This Article is authored by Rhea Banerjee, Pursuing B.A.LL.B from Indore Institute of Law

Introduction –
Industrial sector has witnessed a number of complications since the beginning of Industrialization in India especially after the increase in the use of machinery and equipments as there was no social security assured by the employers to the workmen or employees. As working with certain machines can actually be dangerous it was necessary to provide protection to the workers looking into the poverty-stricken conditions. It was thus, suggested that these workmen needed to protected against the hardships arising from the accidents in the course of their employment.
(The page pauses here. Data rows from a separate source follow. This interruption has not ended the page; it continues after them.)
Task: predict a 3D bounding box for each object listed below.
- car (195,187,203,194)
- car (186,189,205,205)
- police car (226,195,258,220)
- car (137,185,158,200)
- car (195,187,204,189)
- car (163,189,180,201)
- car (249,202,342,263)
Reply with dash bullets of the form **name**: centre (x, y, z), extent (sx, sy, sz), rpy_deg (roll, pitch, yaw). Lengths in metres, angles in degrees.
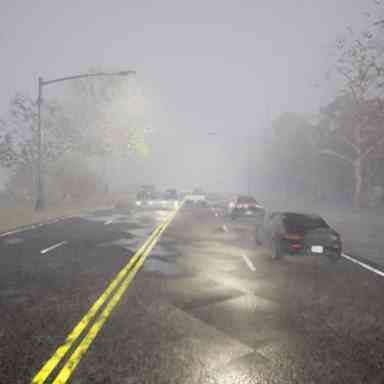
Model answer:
- **car**: centre (1.623, -0.443, 74.293), extent (1.812, 1.442, 4.674), rpy_deg (1, 2, 3)
- **car**: centre (0.399, 0.651, 35.459), extent (1.895, 1.301, 4.718), rpy_deg (1, 0, 1)
- **police car**: centre (3.391, 0.986, 21.949), extent (2.038, 1.542, 4.974), rpy_deg (0, 1, 1)
- **car**: centre (-5.905, 0.027, 44.901), extent (2.150, 2.045, 5.566), rpy_deg (1, 2, 1)
- **car**: centre (0.921, 0.186, 52.816), extent (2.033, 1.411, 5.357), rpy_deg (1, 2, 2)
- **car**: centre (-2.675, 0.345, 44.327), extent (1.837, 1.490, 4.892), rpy_deg (1, 1, 2)
- **car**: centre (3.288, 1.286, 10.985), extent (1.812, 1.442, 4.674), rpy_deg (1, 1, 0)

Earlier around 1884 it was noted that the workers and laborers were exposed to the hazards that were included while using advanced and sophisticated machines. The common law then recognized that the employer was responsible for the compensation only if it was found that the industrial accident was the outcome of the negligence of the employer and not otherwise. But the issue of compensating workers became serious when certain fatal and major accidents occurred in 1884. It was then that the factory and mining officials realized that the legislation Fatal Accidents Act, 1885 was not sufficient to deal with these issues.
The relevant question was examined by the Government of India and then the local governments were addressed in July 1921. The interim views of the government of India were published for general information and many of the local governments, association of employers and workers had agreed for legislation with regard to this aspect. In June 1922, a Committee was organized by the Government of India and the entire committee was unanimously in favour of this legislation and also gave in numerous recommendations for the same. Thus, on the basis of these recommendations the Workmen’s Compensation Bill was introduced in the Parliament.
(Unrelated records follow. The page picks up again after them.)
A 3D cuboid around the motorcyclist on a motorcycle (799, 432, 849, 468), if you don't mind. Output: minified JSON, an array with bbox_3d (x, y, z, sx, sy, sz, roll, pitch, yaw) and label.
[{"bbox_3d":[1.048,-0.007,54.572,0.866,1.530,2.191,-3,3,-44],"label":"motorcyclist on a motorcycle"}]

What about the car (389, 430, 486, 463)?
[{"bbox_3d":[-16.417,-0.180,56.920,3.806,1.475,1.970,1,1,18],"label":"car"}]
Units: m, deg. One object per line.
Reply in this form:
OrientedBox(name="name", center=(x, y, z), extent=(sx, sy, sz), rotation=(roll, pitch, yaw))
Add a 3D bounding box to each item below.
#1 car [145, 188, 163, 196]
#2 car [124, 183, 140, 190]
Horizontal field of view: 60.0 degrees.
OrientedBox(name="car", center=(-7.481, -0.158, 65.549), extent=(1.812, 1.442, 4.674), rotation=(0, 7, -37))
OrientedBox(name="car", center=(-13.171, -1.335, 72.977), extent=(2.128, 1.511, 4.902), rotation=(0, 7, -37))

The Workmen’s Compensation Act was enacted in 1923 that was issued by the Central government and was implemented by several state governments in order to render social security to workers or else the workers would have to seek legal aid from the courts in order to avail their compensation whenever any such injury or accident occurred in their employment. The Workmen’s Compensation Act was recently renamed as the Employee’s Compensation Act, 1923 with effect from 18/1/2010 as the Act included even employees in the category eligible for compensation. The Employees Compensation Act was further made applicable to the trainees and apprentices also under the Apprentice Act with minor modifications in the Schedule of the Apprentice act.
Aspect of the Act –
The Act was framed on two main aspects, firstly the theory should be of least cost and the production cost should be inclusive of the cost of blood of the workmen. The main idea behind this act was that when the management has put aside finances for the repair and maintenance of the machinery and equipments then the same care and attention should be given to the workers as well, because they do undertake the risk of working with the hazardous machines in the course of their work. Compensation is a kind of social security that ensures that in case a worker is disabled or injured due to the accident occurred in his employment, then he will be paid the compensatory amount to recover from his injuries. It is relief that is ensured and measured as per the provisions of the Act.
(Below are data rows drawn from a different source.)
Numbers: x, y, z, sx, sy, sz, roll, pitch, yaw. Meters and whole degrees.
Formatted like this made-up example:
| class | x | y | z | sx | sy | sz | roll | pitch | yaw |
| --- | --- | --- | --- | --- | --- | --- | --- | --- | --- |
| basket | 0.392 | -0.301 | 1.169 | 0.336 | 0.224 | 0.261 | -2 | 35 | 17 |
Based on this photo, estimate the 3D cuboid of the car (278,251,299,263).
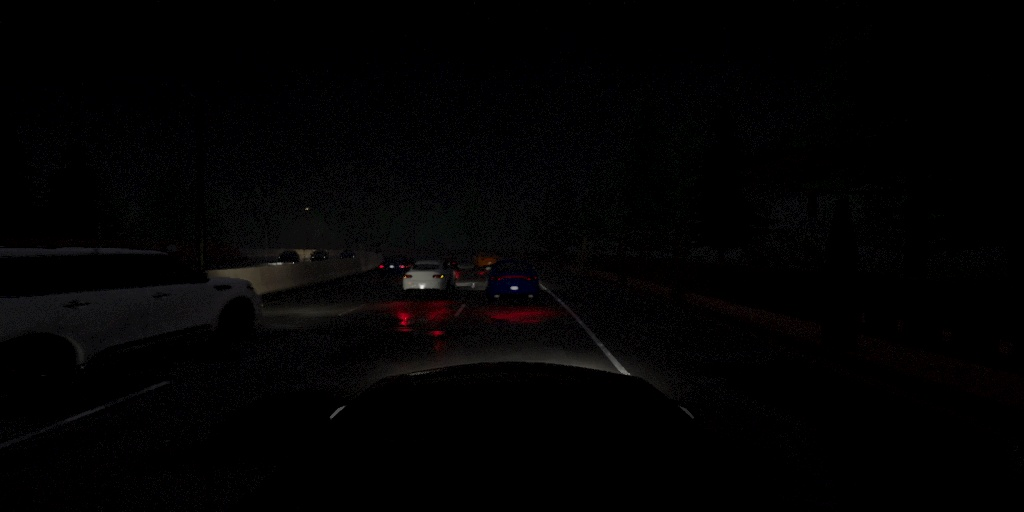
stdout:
| class | x | y | z | sx | sy | sz | roll | pitch | yaw |
| --- | --- | --- | --- | --- | --- | --- | --- | --- | --- |
| car | -28.685 | 0.082 | 46.205 | 1.837 | 1.490 | 4.892 | -1 | 1 | -24 |

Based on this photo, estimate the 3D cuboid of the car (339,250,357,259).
| class | x | y | z | sx | sy | sz | roll | pitch | yaw |
| --- | --- | --- | --- | --- | --- | --- | --- | --- | --- |
| car | -21.634 | 0.011 | 47.384 | 1.882 | 1.535 | 5.008 | -1 | 1 | -22 |

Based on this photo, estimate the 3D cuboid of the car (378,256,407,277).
| class | x | y | z | sx | sy | sz | roll | pitch | yaw |
| --- | --- | --- | --- | --- | --- | --- | --- | --- | --- |
| car | -8.078 | 0.669 | 25.385 | 2.033 | 1.411 | 5.357 | 0 | 2 | -9 |

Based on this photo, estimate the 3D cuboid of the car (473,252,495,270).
| class | x | y | z | sx | sy | sz | roll | pitch | yaw |
| --- | --- | --- | --- | --- | --- | --- | --- | --- | --- |
| car | -2.441 | 0.406 | 32.958 | 1.882 | 1.535 | 5.008 | 0 | 1 | -12 |

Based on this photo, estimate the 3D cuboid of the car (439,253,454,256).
| class | x | y | z | sx | sy | sz | roll | pitch | yaw |
| --- | --- | --- | --- | --- | --- | --- | --- | --- | --- |
| car | -5.926 | 0.463 | 32.498 | 1.812 | 1.442 | 4.674 | 0 | 2 | -12 |

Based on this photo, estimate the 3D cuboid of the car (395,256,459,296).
| class | x | y | z | sx | sy | sz | roll | pitch | yaw |
| --- | --- | --- | --- | --- | --- | --- | --- | --- | --- |
| car | -3.649 | 0.892 | 16.199 | 1.812 | 1.442 | 4.674 | 0 | 2 | -4 |

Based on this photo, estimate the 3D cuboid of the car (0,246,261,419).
| class | x | y | z | sx | sy | sz | roll | pitch | yaw |
| --- | --- | --- | --- | --- | --- | --- | --- | --- | --- |
| car | -6.845 | 0.857 | 5.835 | 2.150 | 2.045 | 5.566 | 0 | 1 | 0 |

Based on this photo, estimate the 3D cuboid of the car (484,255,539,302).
| class | x | y | z | sx | sy | sz | roll | pitch | yaw |
| --- | --- | --- | --- | --- | --- | --- | --- | --- | --- |
| car | -0.039 | 0.885 | 14.762 | 1.882 | 1.535 | 5.008 | 0 | 1 | -3 |

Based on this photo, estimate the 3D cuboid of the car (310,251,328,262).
| class | x | y | z | sx | sy | sz | roll | pitch | yaw |
| --- | --- | --- | --- | --- | --- | --- | --- | --- | --- |
| car | -25.471 | 0.045 | 47.585 | 1.837 | 1.490 | 4.892 | -1 | 1 | -24 |
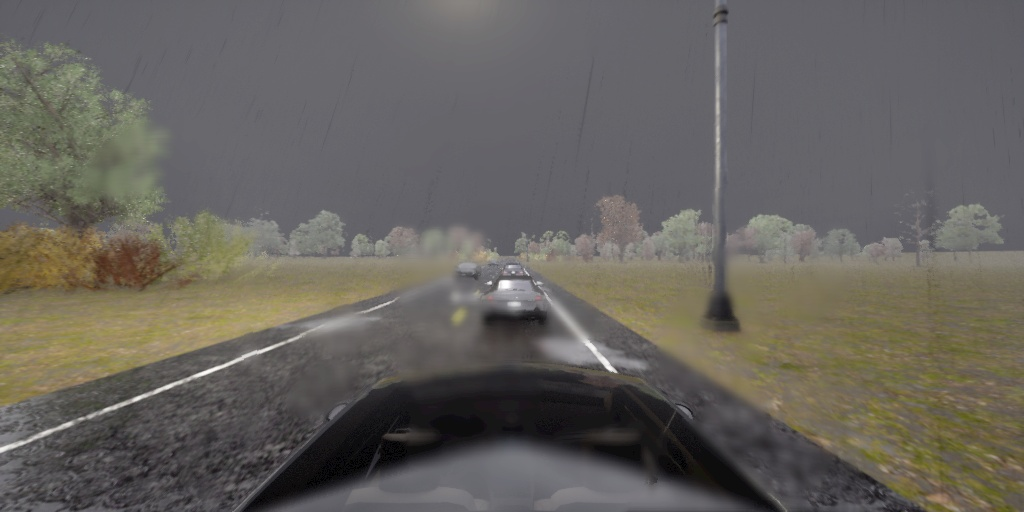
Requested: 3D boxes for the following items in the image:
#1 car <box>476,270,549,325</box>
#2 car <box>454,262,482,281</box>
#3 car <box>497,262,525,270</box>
[{"bbox_3d":[0.099,1.319,11.831,1.994,1.385,4.181,0,0,0],"label":"car"},{"bbox_3d":[-3.597,1.241,30.042,1.882,1.535,5.008,0,0,0],"label":"car"},{"bbox_3d":[0.100,1.311,29.851,2.033,1.411,5.357,0,0,0],"label":"car"}]
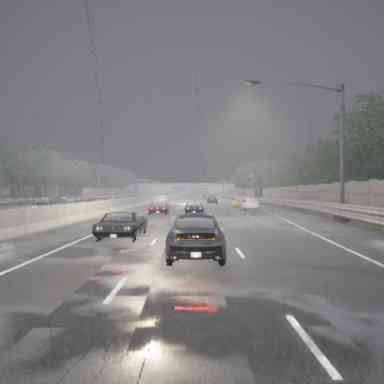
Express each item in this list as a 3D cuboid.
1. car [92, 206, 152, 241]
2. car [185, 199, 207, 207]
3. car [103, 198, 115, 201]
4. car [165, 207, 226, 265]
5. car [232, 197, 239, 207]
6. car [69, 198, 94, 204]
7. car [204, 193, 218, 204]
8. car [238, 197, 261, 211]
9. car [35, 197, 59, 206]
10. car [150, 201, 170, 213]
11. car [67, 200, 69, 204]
[{"bbox_3d":[-3.367,1.601,16.506,1.895,1.301,4.718,0,0,0],"label":"car"},{"bbox_3d":[0.230,1.617,34.193,1.895,1.301,4.718,0,0,0],"label":"car"},{"bbox_3d":[-13.728,1.660,54.702,1.895,1.301,4.718,0,0,1],"label":"car"},{"bbox_3d":[0.119,1.504,11.712,1.837,1.490,4.892,0,0,0],"label":"car"},{"bbox_3d":[7.278,1.529,50.792,1.882,1.535,5.008,0,0,1],"label":"car"},{"bbox_3d":[-17.246,1.601,53.070,2.033,1.411,5.357,0,0,1],"label":"car"},{"bbox_3d":[3.971,1.447,66.623,2.097,1.767,4.553,0,0,1],"label":"car"},{"bbox_3d":[7.079,1.553,40.297,1.812,1.442,4.674,0,0,2],"label":"car"},{"bbox_3d":[-24.194,1.608,55.808,2.033,1.411,5.357,0,0,1],"label":"car"},{"bbox_3d":[-3.271,1.616,34.140,1.895,1.301,4.718,0,0,0],"label":"car"},{"bbox_3d":[-20.638,1.673,59.655,1.895,1.301,4.718,0,0,1],"label":"car"}]

The act has segregated the amount of the compensation as per the gravity of the injury caused and this makes the employer aware as well as responsible towards his labour that he will be liable to pay the compensation if any accident occurs. The Workmen’s Act is recognized all over India and applies to all workers, casual labours working in factories, mines, plantations, railways, ships, construction places and any other potentially dangerous occupations mentioned under Schedule II of the Act, but the Act excludes the Armed Forces.
Object and Reason –
The major objective of the Act was to provide compensation to the workers in case of any industrial accident. The Act was also enacted to make the employers responsible towards the workers especially under such unexpected fatal incidents. It is the primary duty of the employer to ensure the welfare of workers post any such injuries caused during the course of employment.
A major change has been noticed since the enactment of the Act that by increasing the responsibilities of employer towards their workers and employees, it has led to reduction in the number of accidents among the workmen. Further, the employers providing medical facilities to their workmen should also lessen the effects of such accidents. With assured compensation and medical facilities more people are drawn towards the labour world and even the efficiency of the workers has considerably increased post the enactment of the Act. Thus, the Act aims for sustainable working conditions for the workmen after any such employment related accident.
Let’s go through certain important sections of the Workmen’s Compensation Act, 1923.
Important Sections of the Act –
The part, which states the main objective of the Act, can be read under Section 3(1) of the Employee’s Compensation Act, which states that, an employer is liable to pay compensation if any sort of personal injury is caused to the employee, by accident arising out of and in the course of his employment. The other significant sections of the Act are as follows-
- Section 3 (Employer’s Liability for compensation)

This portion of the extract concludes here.